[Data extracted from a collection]
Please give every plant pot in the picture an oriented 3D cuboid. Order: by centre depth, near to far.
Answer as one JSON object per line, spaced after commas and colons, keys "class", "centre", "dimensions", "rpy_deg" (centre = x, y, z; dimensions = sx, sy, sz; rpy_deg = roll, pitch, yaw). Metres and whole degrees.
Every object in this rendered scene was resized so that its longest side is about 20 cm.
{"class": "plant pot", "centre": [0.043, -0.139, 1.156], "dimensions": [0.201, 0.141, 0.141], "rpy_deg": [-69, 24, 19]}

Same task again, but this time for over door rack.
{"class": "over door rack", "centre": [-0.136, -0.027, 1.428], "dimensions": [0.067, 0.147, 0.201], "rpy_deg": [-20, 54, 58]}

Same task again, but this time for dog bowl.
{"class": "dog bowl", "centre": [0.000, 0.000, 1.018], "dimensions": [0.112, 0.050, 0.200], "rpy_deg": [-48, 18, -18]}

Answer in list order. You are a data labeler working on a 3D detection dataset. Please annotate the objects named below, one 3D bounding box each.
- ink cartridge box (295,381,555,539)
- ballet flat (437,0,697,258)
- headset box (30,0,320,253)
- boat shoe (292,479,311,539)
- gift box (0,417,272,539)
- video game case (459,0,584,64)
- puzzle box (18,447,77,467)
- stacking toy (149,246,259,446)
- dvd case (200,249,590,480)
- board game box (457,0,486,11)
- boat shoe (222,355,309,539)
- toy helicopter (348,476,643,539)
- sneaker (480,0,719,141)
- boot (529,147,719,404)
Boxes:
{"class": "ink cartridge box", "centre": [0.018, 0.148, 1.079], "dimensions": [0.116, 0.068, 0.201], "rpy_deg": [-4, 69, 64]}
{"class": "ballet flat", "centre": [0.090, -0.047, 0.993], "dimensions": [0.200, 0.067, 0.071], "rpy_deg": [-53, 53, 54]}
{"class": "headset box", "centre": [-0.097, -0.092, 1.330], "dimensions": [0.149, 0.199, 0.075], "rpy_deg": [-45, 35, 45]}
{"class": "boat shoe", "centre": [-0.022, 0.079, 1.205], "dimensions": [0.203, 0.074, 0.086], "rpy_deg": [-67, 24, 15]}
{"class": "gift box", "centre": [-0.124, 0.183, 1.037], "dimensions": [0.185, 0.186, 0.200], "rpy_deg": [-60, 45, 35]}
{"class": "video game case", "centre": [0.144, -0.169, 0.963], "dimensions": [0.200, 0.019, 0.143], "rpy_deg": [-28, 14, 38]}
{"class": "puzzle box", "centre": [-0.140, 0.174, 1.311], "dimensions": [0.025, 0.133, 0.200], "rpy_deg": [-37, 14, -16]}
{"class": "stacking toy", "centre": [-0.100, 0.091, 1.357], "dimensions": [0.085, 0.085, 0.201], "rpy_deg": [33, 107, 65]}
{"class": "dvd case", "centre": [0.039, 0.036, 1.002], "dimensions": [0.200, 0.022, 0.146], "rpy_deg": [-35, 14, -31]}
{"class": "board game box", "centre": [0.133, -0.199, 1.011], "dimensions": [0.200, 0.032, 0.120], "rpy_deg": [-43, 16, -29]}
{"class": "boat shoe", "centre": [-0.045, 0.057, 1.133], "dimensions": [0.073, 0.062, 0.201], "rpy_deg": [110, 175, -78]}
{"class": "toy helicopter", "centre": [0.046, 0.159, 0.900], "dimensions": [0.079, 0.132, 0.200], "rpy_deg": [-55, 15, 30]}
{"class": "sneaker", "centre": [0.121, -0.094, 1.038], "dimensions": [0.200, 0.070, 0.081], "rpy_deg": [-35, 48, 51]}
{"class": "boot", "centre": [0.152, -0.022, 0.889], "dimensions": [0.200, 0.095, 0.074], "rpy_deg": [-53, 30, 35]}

**Directions for this task**
Give back every line of the data above exactly as written.

**Answer below**
Please give every plant pot in the picture an oriented 3D cuboid. Order: by centre depth, near to far.
Answer as one JSON object per line, spaced after commas and colons, keys "class", "centre", "dimensions", "rpy_deg" (centre = x, y, z; dimensions = sx, sy, sz; rpy_deg = roll, pitch, yaw). Metres and whole degrees.
Every object in this rendered scene was resized so that its longest side is about 20 cm.
{"class": "plant pot", "centre": [0.043, -0.139, 1.156], "dimensions": [0.201, 0.141, 0.141], "rpy_deg": [-69, 24, 19]}

Same task again, but this time for over door rack.
{"class": "over door rack", "centre": [-0.136, -0.027, 1.428], "dimensions": [0.067, 0.147, 0.201], "rpy_deg": [-20, 54, 58]}

Same task again, but this time for dog bowl.
{"class": "dog bowl", "centre": [0.000, 0.000, 1.018], "dimensions": [0.112, 0.050, 0.200], "rpy_deg": [-48, 18, -18]}

Answer in list order. You are a data labeler working on a 3D detection dataset. Please annotate the objects named below, one 3D bounding box each.
- ink cartridge box (295,381,555,539)
- ballet flat (437,0,697,258)
- headset box (30,0,320,253)
- boat shoe (292,479,311,539)
- gift box (0,417,272,539)
- video game case (459,0,584,64)
- puzzle box (18,447,77,467)
- stacking toy (149,246,259,446)
- dvd case (200,249,590,480)
- board game box (457,0,486,11)
- boat shoe (222,355,309,539)
- toy helicopter (348,476,643,539)
- sneaker (480,0,719,141)
- boot (529,147,719,404)
Boxes:
{"class": "ink cartridge box", "centre": [0.018, 0.148, 1.079], "dimensions": [0.116, 0.068, 0.201], "rpy_deg": [-4, 69, 64]}
{"class": "ballet flat", "centre": [0.090, -0.047, 0.993], "dimensions": [0.200, 0.067, 0.071], "rpy_deg": [-53, 53, 54]}
{"class": "headset box", "centre": [-0.097, -0.092, 1.330], "dimensions": [0.149, 0.199, 0.075], "rpy_deg": [-45, 35, 45]}
{"class": "boat shoe", "centre": [-0.022, 0.079, 1.205], "dimensions": [0.203, 0.074, 0.086], "rpy_deg": [-67, 24, 15]}
{"class": "gift box", "centre": [-0.124, 0.183, 1.037], "dimensions": [0.185, 0.186, 0.200], "rpy_deg": [-60, 45, 35]}
{"class": "video game case", "centre": [0.144, -0.169, 0.963], "dimensions": [0.200, 0.019, 0.143], "rpy_deg": [-28, 14, 38]}
{"class": "puzzle box", "centre": [-0.140, 0.174, 1.311], "dimensions": [0.025, 0.133, 0.200], "rpy_deg": [-37, 14, -16]}
{"class": "stacking toy", "centre": [-0.100, 0.091, 1.357], "dimensions": [0.085, 0.085, 0.201], "rpy_deg": [33, 107, 65]}
{"class": "dvd case", "centre": [0.039, 0.036, 1.002], "dimensions": [0.200, 0.022, 0.146], "rpy_deg": [-35, 14, -31]}
{"class": "board game box", "centre": [0.133, -0.199, 1.011], "dimensions": [0.200, 0.032, 0.120], "rpy_deg": [-43, 16, -29]}
{"class": "boat shoe", "centre": [-0.045, 0.057, 1.133], "dimensions": [0.073, 0.062, 0.201], "rpy_deg": [110, 175, -78]}
{"class": "toy helicopter", "centre": [0.046, 0.159, 0.900], "dimensions": [0.079, 0.132, 0.200], "rpy_deg": [-55, 15, 30]}
{"class": "sneaker", "centre": [0.121, -0.094, 1.038], "dimensions": [0.200, 0.070, 0.081], "rpy_deg": [-35, 48, 51]}
{"class": "boot", "centre": [0.152, -0.022, 0.889], "dimensions": [0.200, 0.095, 0.074], "rpy_deg": [-53, 30, 35]}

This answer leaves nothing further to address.